On the test db explain analyze query shows the following:
Append (cost=0.04..15333.86 rows=28215056 width=496)
-> Custom Scan (DecompressChunk) on _hyper_564_43152_chunk (cost=0.04..51.44 rows=1439000 width=510)
Vectorized Filter: (id = ANY ('{1, 22222, 333333333}'::bigint[]))
Rows Removed by Filter: 1432686
-> Seq Scan on compress_hyper_565_43167_chunk (cost=0.00..51.44 rows=1439 width=616)
-> Index Scan using _hyper_564_43152_chunk_hypertable_uidx on _hyper_564_43152_chunk (cost=0.06..8.97 rows=4 width=510)
Index Cond: (id = ANY ('{1, 22222, 333333333}'::bigint[]))
On the prod db explain query shows the following (without analyze because it is very long time used):
Append (cost=0.04..15252.80 rows=28295000 width=508)
-> Custom Scan (DecompressChunk) on _hyper_566_43337_chunk (cost=0.04..51.44 rows=1441000 width=508)
Vectorized Filter: (id = ANY ('{1, 22222, 333333333}'::bigint[]))
-> Seq Scan on compress_hyper_567_43352_chunk (cost=0.00..51.44 rows=1441 width=616)
Upd.
The function is working on the prod. If I run query like SELECT * FROM hypertable WHERE id = 123456789, then explain plan show only needed chunk.
May be was I wrong in my thoughts that chunk skipping helps to query tuples by more than one value in needed column?

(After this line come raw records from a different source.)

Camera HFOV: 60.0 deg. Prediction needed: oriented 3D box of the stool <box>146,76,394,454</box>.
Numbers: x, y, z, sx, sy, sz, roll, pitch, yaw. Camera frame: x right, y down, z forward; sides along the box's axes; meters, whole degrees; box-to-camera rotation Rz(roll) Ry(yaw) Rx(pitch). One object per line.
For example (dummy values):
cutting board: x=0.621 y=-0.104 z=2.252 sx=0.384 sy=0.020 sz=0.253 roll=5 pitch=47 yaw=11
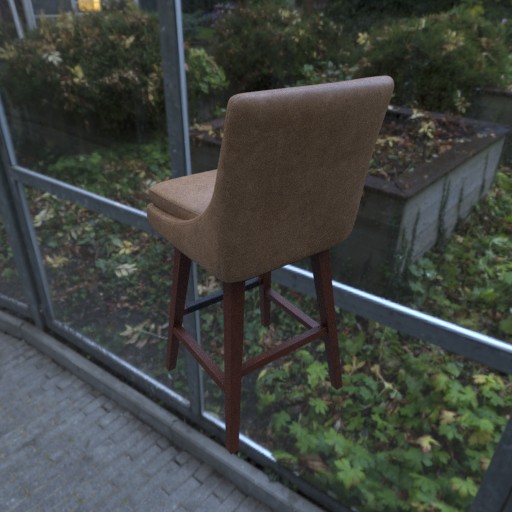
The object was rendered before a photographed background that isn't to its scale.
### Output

Yes, all queried ids are from compressed chunks.
A query
EXPLAIN ANALYZE
SELECT * FROM hypertable WHERE id IN (5, 40);
shows SeqScan by all compressed chunks
Append (cost=0.04..15252.80 rows=28295000 width=505) (actual time=26.816..37794.588 rows=2 loops=1)
-> Custom Scan (DecompressChunk) on _hyper_566_43337_chunk t_1 (cost=0.04..51.44 rows=1441000 width=508) (actual time=26.815..1062.049 rows=2 loops=1)

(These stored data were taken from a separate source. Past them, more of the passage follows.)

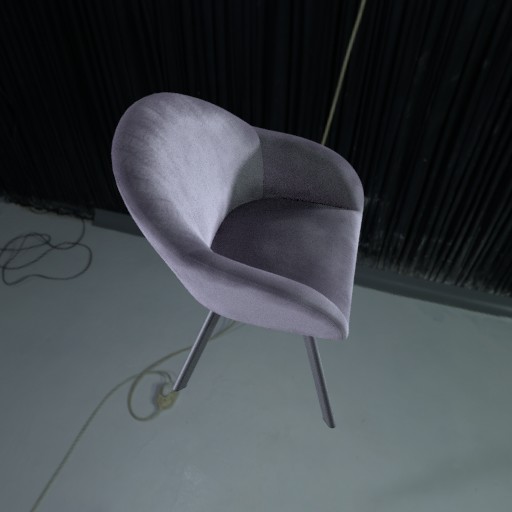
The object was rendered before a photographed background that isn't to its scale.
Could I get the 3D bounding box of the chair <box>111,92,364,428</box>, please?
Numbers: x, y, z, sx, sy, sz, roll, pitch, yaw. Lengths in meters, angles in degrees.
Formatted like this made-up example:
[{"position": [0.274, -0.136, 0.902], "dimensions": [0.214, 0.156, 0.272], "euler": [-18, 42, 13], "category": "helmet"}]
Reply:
[{"position": [0.000, 0.000, 1.201], "dimensions": [0.590, 0.795, 0.550], "euler": [10, 47, 9], "category": "chair"}]

Vectorized Filter: (id = ANY ('{5,40}'::bigint[]))
Rows Removed by Filter: 1435851
-> Seq Scan on compress_hyper_567_43352_chunk (cost=0.00..51.44 rows=1441 width=616) (actual time=4.273..4.888 rows=1441 loops=1)
-> Custom Scan (DecompressChunk) on _hyper_566_43338_chunk t_2 (cost=0.04..61.66 rows=1655000 width=508) (actual time=1072.343..1072.344 rows=0 loops=1)
Vectorized Filter: (id = ANY ('{5,40}'::bigint[]))
Rows Removed by Filter: 1651636
-> Seq Scan on compress_hyper_567_43353_chunk (cost=0.00..61.66 rows=1655 width=616) (actual time=0.551..1.321 rows=1655 loops=1)
-> Custom Scan (DecompressChunk) on _hyper_566_43339_chunk t_3 (cost=0.04..65.67 rows=1673000 width=508) (actual time=1234.441..1234.442 rows=0 loops=1)
and so on.......
The only option to speed up query is to convert it into:
SELECT *
FROM hypertable
WHERE id = 5
UNION ALL
SELECT *
FROM hypertable
WHERE id = 40
And this is not convenient in the case when there will be a lot of IDs.
Following this idea I created the test function:
CREATE OR REPLACE FUNCTION hypertable_by_ids(pi_ids bigint[])
RETURNS TABLE(<the_same_structure_as_the_hypertable>)
LANGUAGE plpgsql
AS $$
DECLARE
x BIGINT;
r record;
i INTEGER := 0;
BEGIN
FOREACH x IN ARRAY $1
LOOP
RETURN QUERY SELECT t.* FROM hypertable AS t WHERE t.id = x;
END LOOP;
END;$$;
SELECT * FROM hypertable_by_ids((SELECT array_agg(t.id ORDER BY t.id) FROM other_table as t));
But this approach has a disadvantage: if there are a lot of IDs, for example, 500000 or more, you will have to wait for some time.
Maybe there are other ways to query a compressed hypertable for many values for a single field?
Thank you! I close this topic because chunk_skipping is working.
At the moment, there is only one question left: how can data be selected from a compressed hypertable according to the IN condition with great performance?